On this front, China has been leading the way, with a strategy of consumer-led rebalancing that it introduced five years ago. The results so far have been mixed, as inadequate funding of a social safety net continues to temper the support to household incomes provided by services-driven job creation and urbanization-led increases in real wages. But China has lately shown a commitment to addressing this shortcoming. Its recently enacted 13th Five-Year Plan aims to dampen fear-driven precautionary saving through interest-rate liberalization, the introduction of deposit insurance, the loosening of the hukou residential permit system (which would improve benefit portability), and relaxation of the one-child family planning policy.
The US, however, is headed in the opposite direction.

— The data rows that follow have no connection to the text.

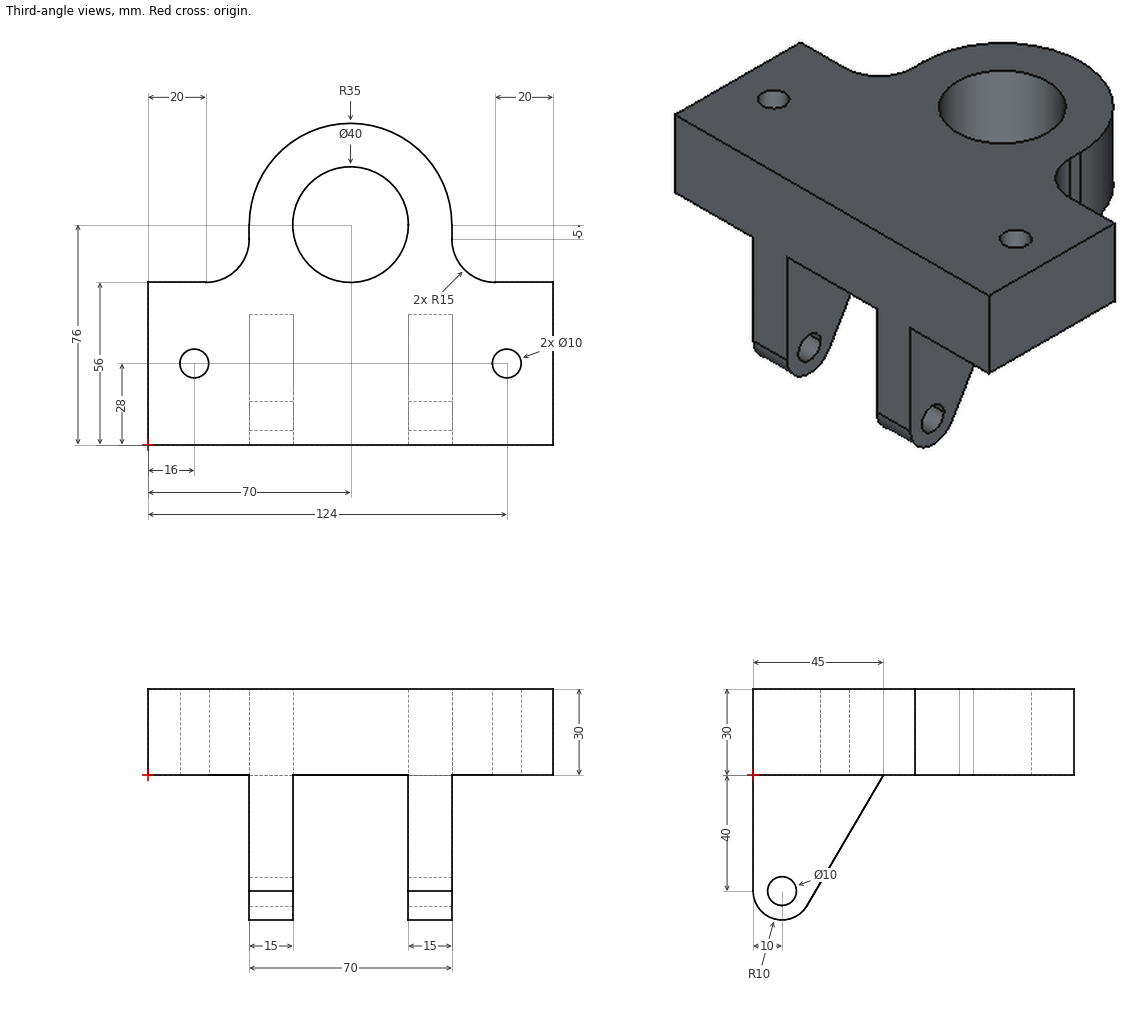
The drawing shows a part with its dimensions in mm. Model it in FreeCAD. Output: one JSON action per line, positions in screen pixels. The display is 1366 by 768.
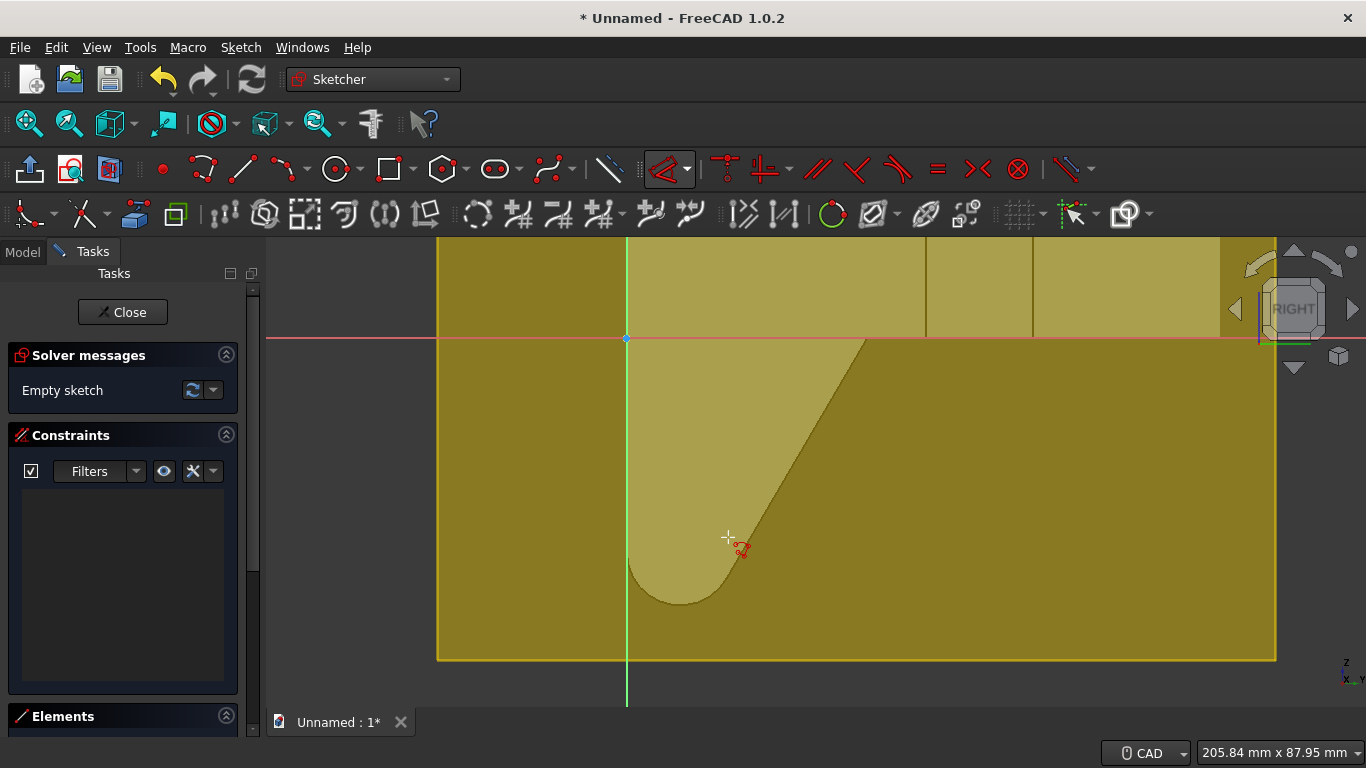
{"action": "left_click", "coordinate": [726, 579]}
{"action": "left_click", "coordinate": [867, 338]}
{"action": "left_click", "coordinate": [627, 338]}
{"action": "left_click", "coordinate": [636, 552]}
{"action": "right_click", "coordinate": [636, 552]}

There is no interest in debating the saving issue, let alone implementing policies to address it. A pro-saving US policy agenda should draw on the following: longer-term fiscal consolidation, expanded IRAs (individual retirement accounts) and 401Ks, consumption-based tax reform (such as value-added or sales taxes), and interest-rate normalization. Instead, US politicians continue to focus on keeping the consumption binge going, regardless of its implications for America’s saving imperative.

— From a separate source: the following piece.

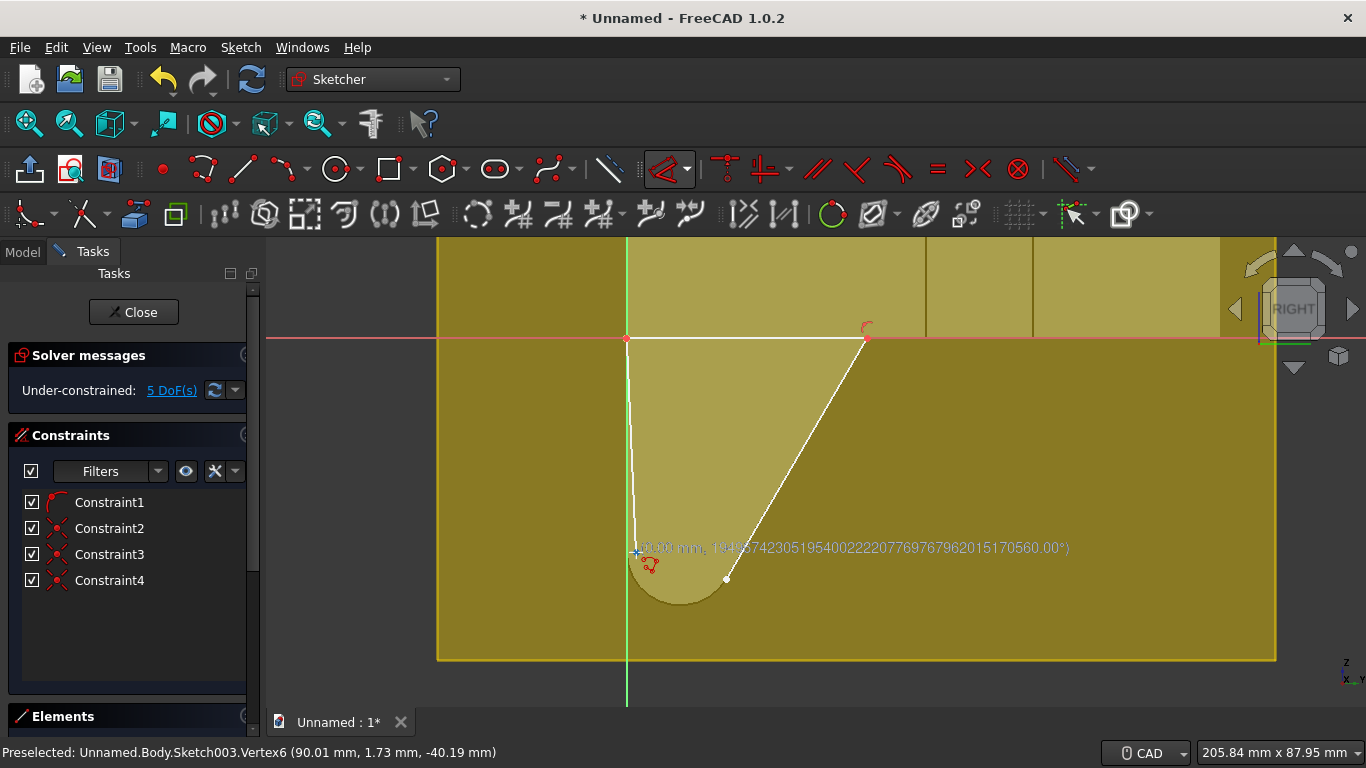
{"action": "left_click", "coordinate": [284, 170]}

The asymmetrical response of the world’s two largest economies to their respective saving dilemmas has far-reaching consequences. To the extent that China makes progress on the road to consumer-led rebalancing, it will shift from surplus saving to saving absorption. Already, China’s gross national saving rate has declined from a peak of 52% of GDP in 2008 to around 44% this year. It should fall further in the years ahead.
The US, long locked in a codependent economic relationship with China, cannot afford to ignore this shift. After all, along with reduced current-account and trade surpluses, China’s consumer-led shift to saving absorption likely entails diminished accumulation of foreign-exchange reserves and reduced recycling of those reserves into dollar-based assets such as US Treasuries.
To the extent that America fails to boost its domestic saving, the lack of Chinese capital may well force the US to pay a steeper price for external financing, through a weaker dollar, higher real interest rates, or both. Such are the classic pitfalls of codependency: when one partner alters the relationship, there are consequences for the other.
No country can prosper indefinitely without saving. Holding the world’s reserve currency, America has gotten away with it, largely because the rest of the world let it. After all, the enablers – especially export-led economies like China, along with its resource-dependent supply chain – benefited from America’s consumption binge, as it drove an outsize expansion of global trade.
But those days are numbered. American voters – especially disenfranchised, angry middle-class workers – increasingly recognize that something does not add up. Yet US politicians continue to deflect the electorate’s anger outward, dismissing the growth subsidy that accompanies the “kindness of strangers.” It is time for politicians to own up to the uncomfortable truth: The saving deficit is the single greatest threat to the American Dream.